Your goal:
Give the number of lines below that contain the word "NewForConfig", and nothing else.
━━━
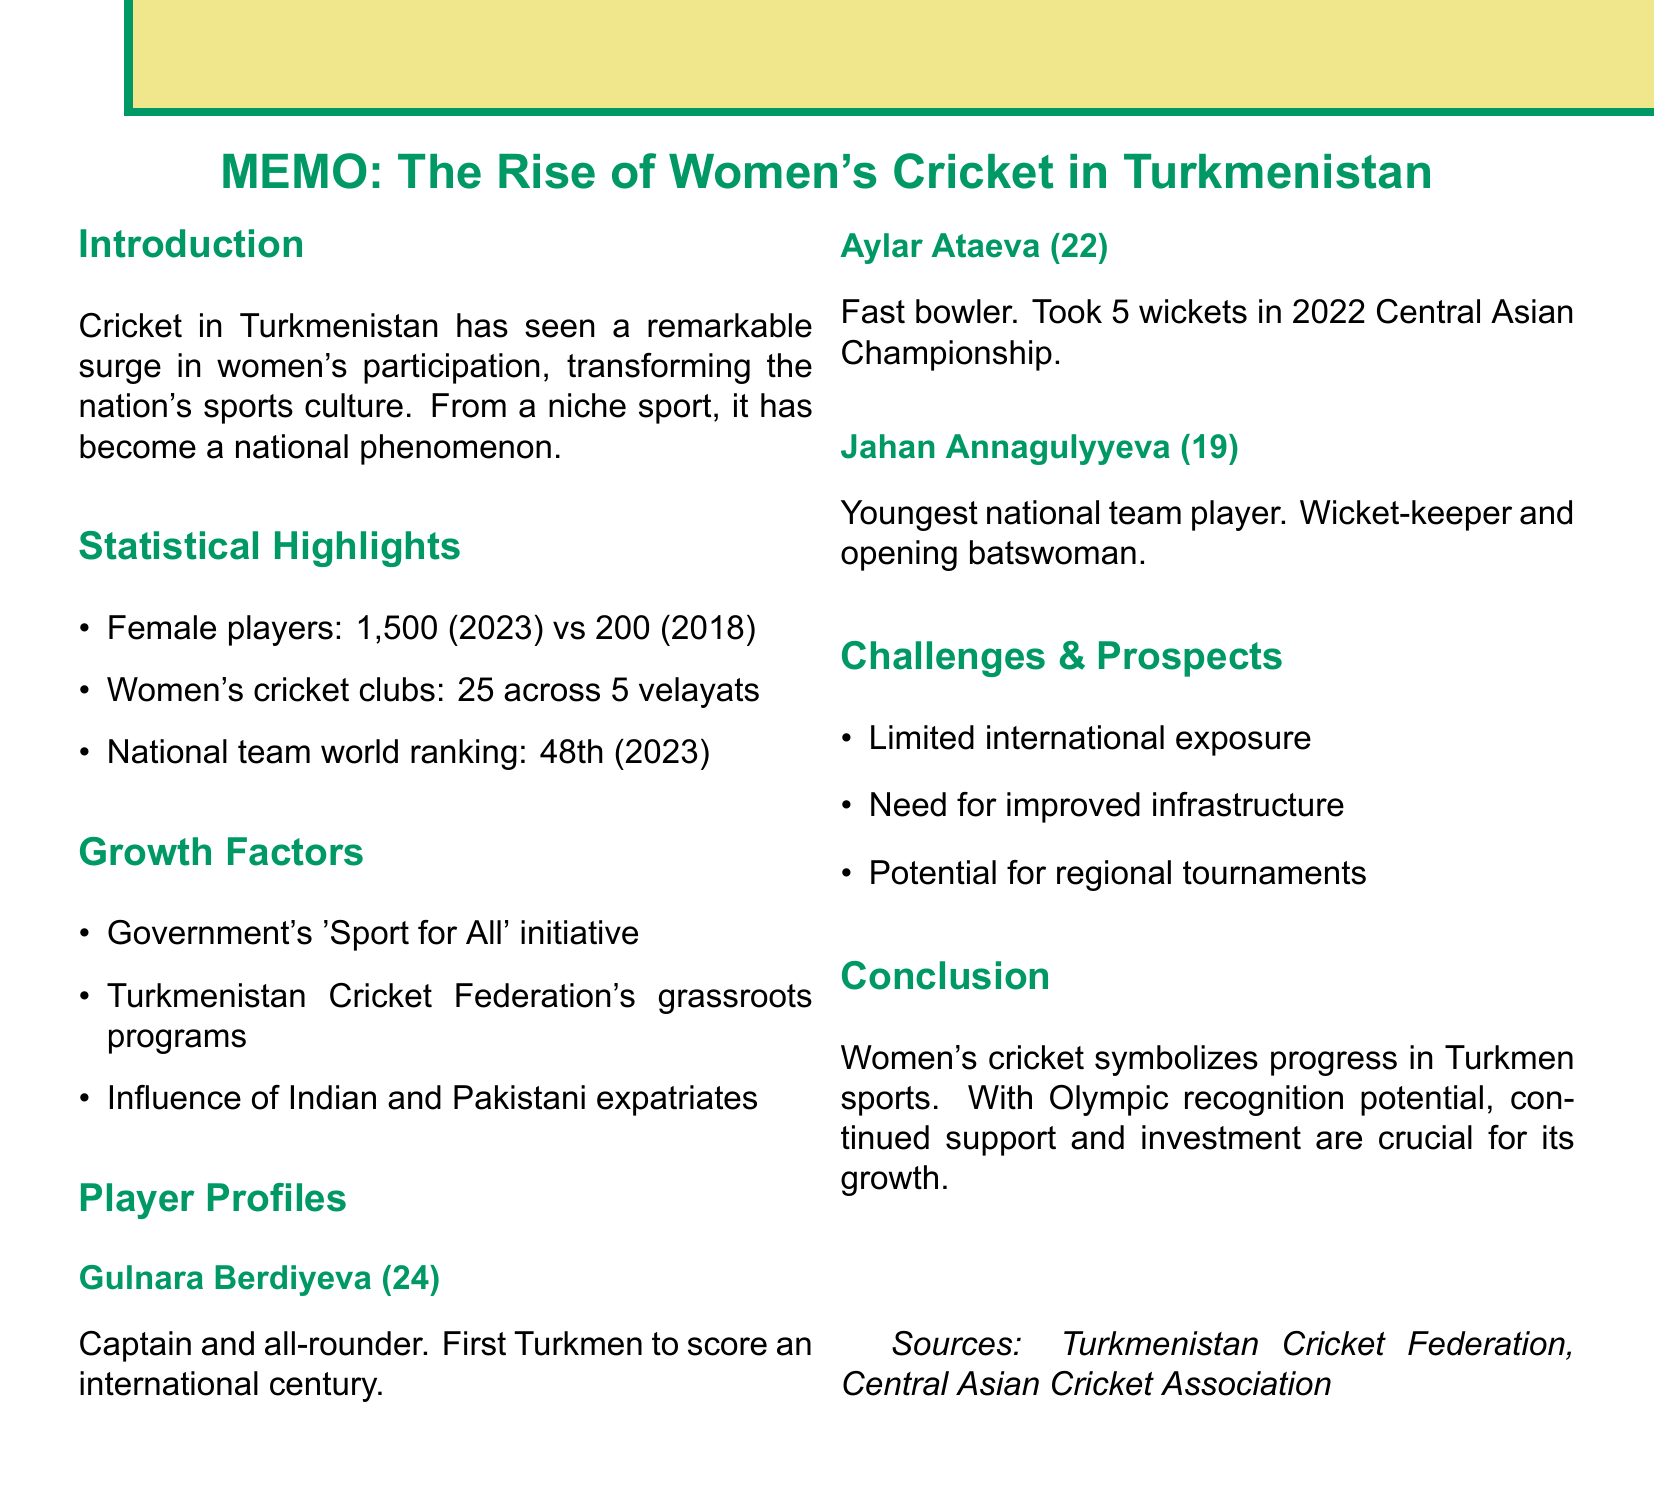what is the title of the memo? The title is the primary focus of the document and is directly stated at the top.
Answer: The Flourishing of Women's Cricket in Turkmenistan: A National Phenomenon how many registered female players were there in 2023? This information is found in the statistical overview section of the document.
Answer: 1,500 what significant achievement did Gulnara Berdiyeva accomplish? This refers to the specific player profile and their highlight in women's cricket.
Answer: First Turkmen cricketer to score a century in an international match what was Turkmenistan's national team world ranking in 2018? The ranking comparison between 2023 and 2018 is mentioned in the statistics.
Answer: Unranked which age group does Jahan Annagulyyeva belong to? The age of the player is specified in their profile.
Answer: 19 what is one of the challenges facing women's cricket in Turkmenistan? The challenges section lists potential hurdles for the sport's growth.
Answer: Limited international exposure which governmental initiative supports women's sports in Turkmenistan? This relates to the factors that contribute to the growth of women's cricket.
Answer: Sport for All how many women's cricket clubs are there in Turkmenistan? This statistic highlights the growth of women's cricket at a community level.
Answer: 25 what is the significance of women's cricket as stated in the conclusion? The conclusion part of the document emphasizes the cultural relevance of women's cricket.
Answer: A symbol of progress in Turkmen sports 
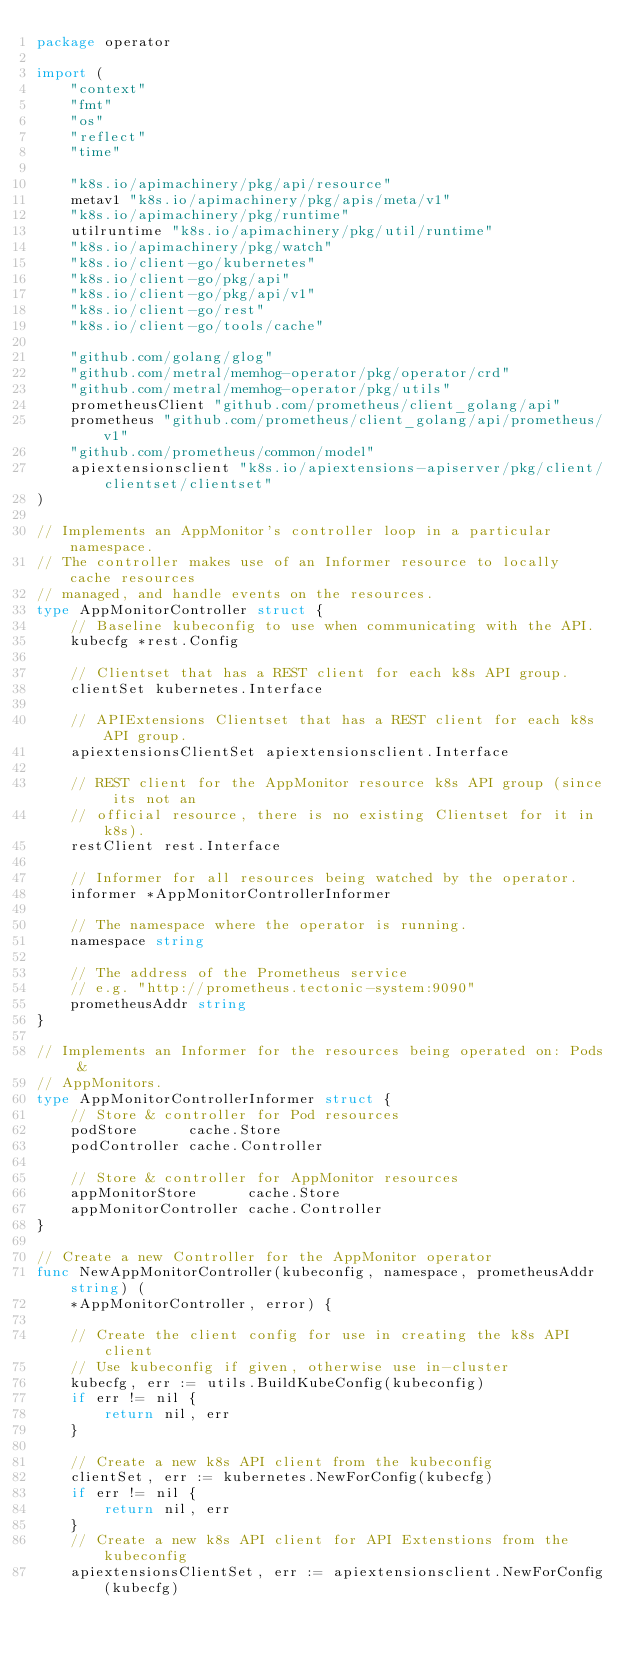<code> <loc_0><loc_0><loc_500><loc_500><_Go_>package operator

import (
	"context"
	"fmt"
	"os"
	"reflect"
	"time"

	"k8s.io/apimachinery/pkg/api/resource"
	metav1 "k8s.io/apimachinery/pkg/apis/meta/v1"
	"k8s.io/apimachinery/pkg/runtime"
	utilruntime "k8s.io/apimachinery/pkg/util/runtime"
	"k8s.io/apimachinery/pkg/watch"
	"k8s.io/client-go/kubernetes"
	"k8s.io/client-go/pkg/api"
	"k8s.io/client-go/pkg/api/v1"
	"k8s.io/client-go/rest"
	"k8s.io/client-go/tools/cache"

	"github.com/golang/glog"
	"github.com/metral/memhog-operator/pkg/operator/crd"
	"github.com/metral/memhog-operator/pkg/utils"
	prometheusClient "github.com/prometheus/client_golang/api"
	prometheus "github.com/prometheus/client_golang/api/prometheus/v1"
	"github.com/prometheus/common/model"
	apiextensionsclient "k8s.io/apiextensions-apiserver/pkg/client/clientset/clientset"
)

// Implements an AppMonitor's controller loop in a particular namespace.
// The controller makes use of an Informer resource to locally cache resources
// managed, and handle events on the resources.
type AppMonitorController struct {
	// Baseline kubeconfig to use when communicating with the API.
	kubecfg *rest.Config

	// Clientset that has a REST client for each k8s API group.
	clientSet kubernetes.Interface

	// APIExtensions Clientset that has a REST client for each k8s API group.
	apiextensionsClientSet apiextensionsclient.Interface

	// REST client for the AppMonitor resource k8s API group (since its not an
	// official resource, there is no existing Clientset for it in k8s).
	restClient rest.Interface

	// Informer for all resources being watched by the operator.
	informer *AppMonitorControllerInformer

	// The namespace where the operator is running.
	namespace string

	// The address of the Prometheus service
	// e.g. "http://prometheus.tectonic-system:9090"
	prometheusAddr string
}

// Implements an Informer for the resources being operated on: Pods &
// AppMonitors.
type AppMonitorControllerInformer struct {
	// Store & controller for Pod resources
	podStore      cache.Store
	podController cache.Controller

	// Store & controller for AppMonitor resources
	appMonitorStore      cache.Store
	appMonitorController cache.Controller
}

// Create a new Controller for the AppMonitor operator
func NewAppMonitorController(kubeconfig, namespace, prometheusAddr string) (
	*AppMonitorController, error) {

	// Create the client config for use in creating the k8s API client
	// Use kubeconfig if given, otherwise use in-cluster
	kubecfg, err := utils.BuildKubeConfig(kubeconfig)
	if err != nil {
		return nil, err
	}

	// Create a new k8s API client from the kubeconfig
	clientSet, err := kubernetes.NewForConfig(kubecfg)
	if err != nil {
		return nil, err
	}
	// Create a new k8s API client for API Extenstions from the kubeconfig
	apiextensionsClientSet, err := apiextensionsclient.NewForConfig(kubecfg)</code> 
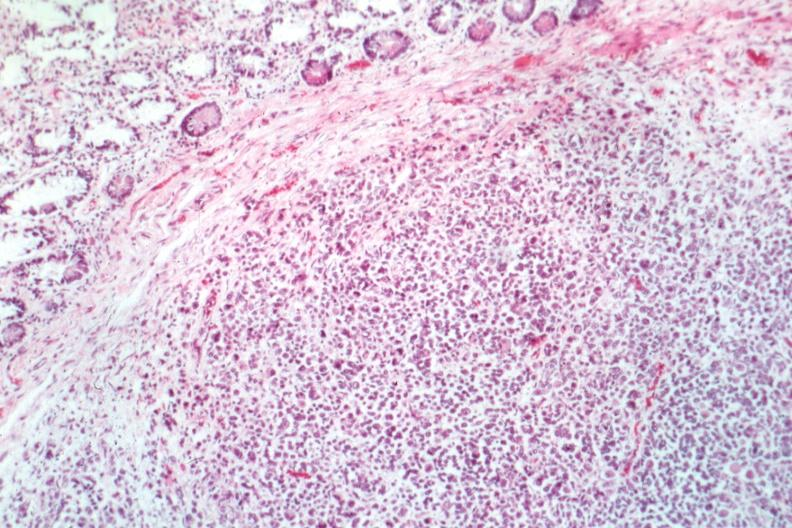s small intestine present?
Answer the question using a single word or phrase. Yes 
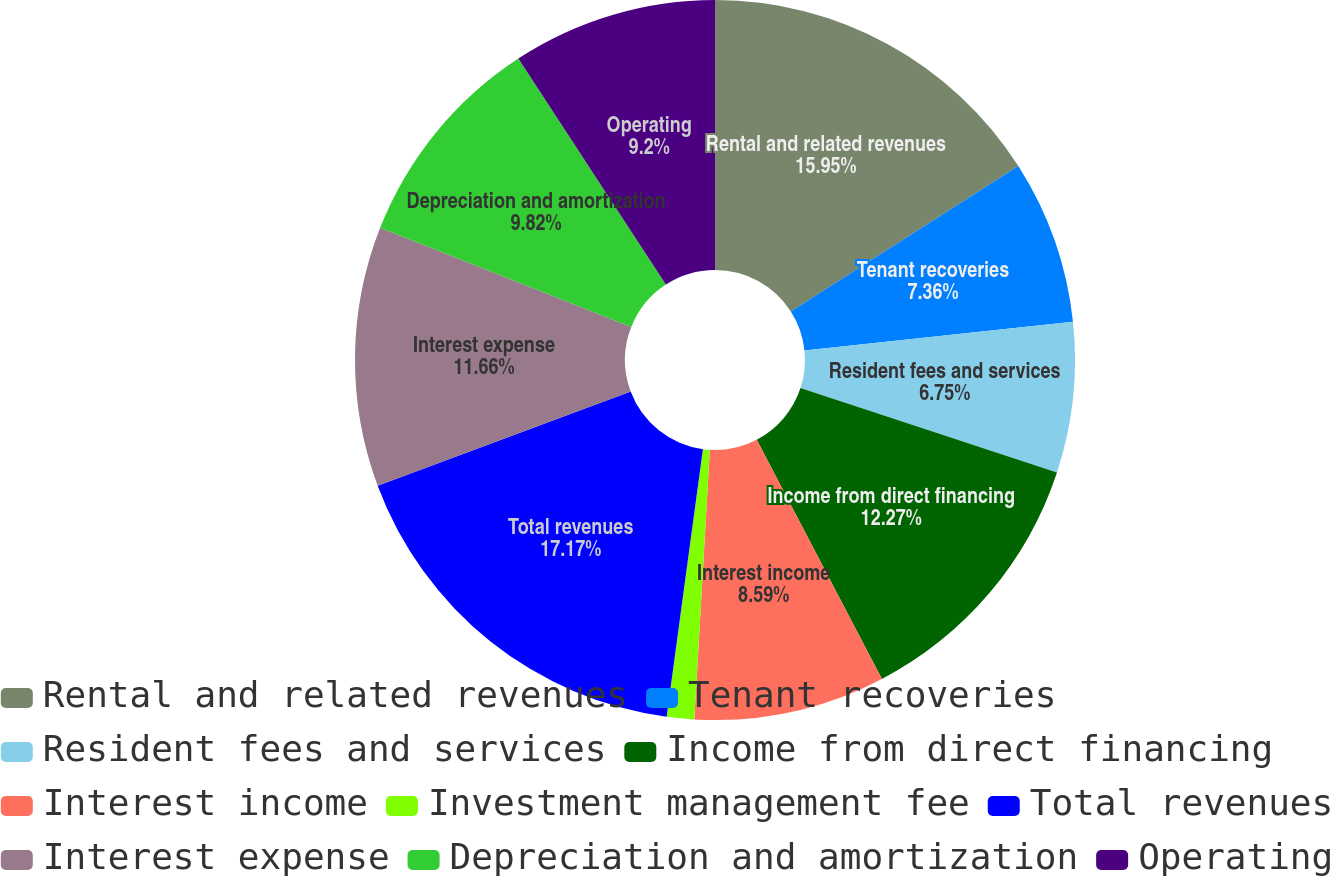<chart> <loc_0><loc_0><loc_500><loc_500><pie_chart><fcel>Rental and related revenues<fcel>Tenant recoveries<fcel>Resident fees and services<fcel>Income from direct financing<fcel>Interest income<fcel>Investment management fee<fcel>Total revenues<fcel>Interest expense<fcel>Depreciation and amortization<fcel>Operating<nl><fcel>15.95%<fcel>7.36%<fcel>6.75%<fcel>12.27%<fcel>8.59%<fcel>1.23%<fcel>17.18%<fcel>11.66%<fcel>9.82%<fcel>9.2%<nl></chart> 
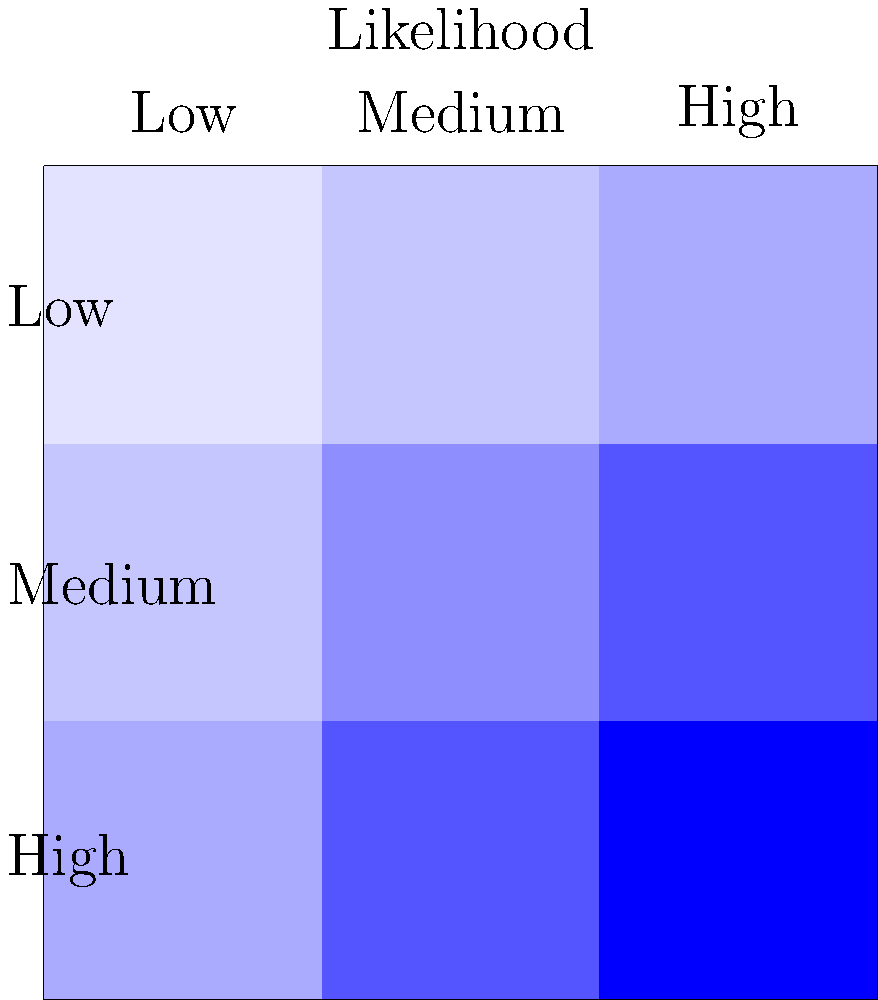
━━━
Written response:
2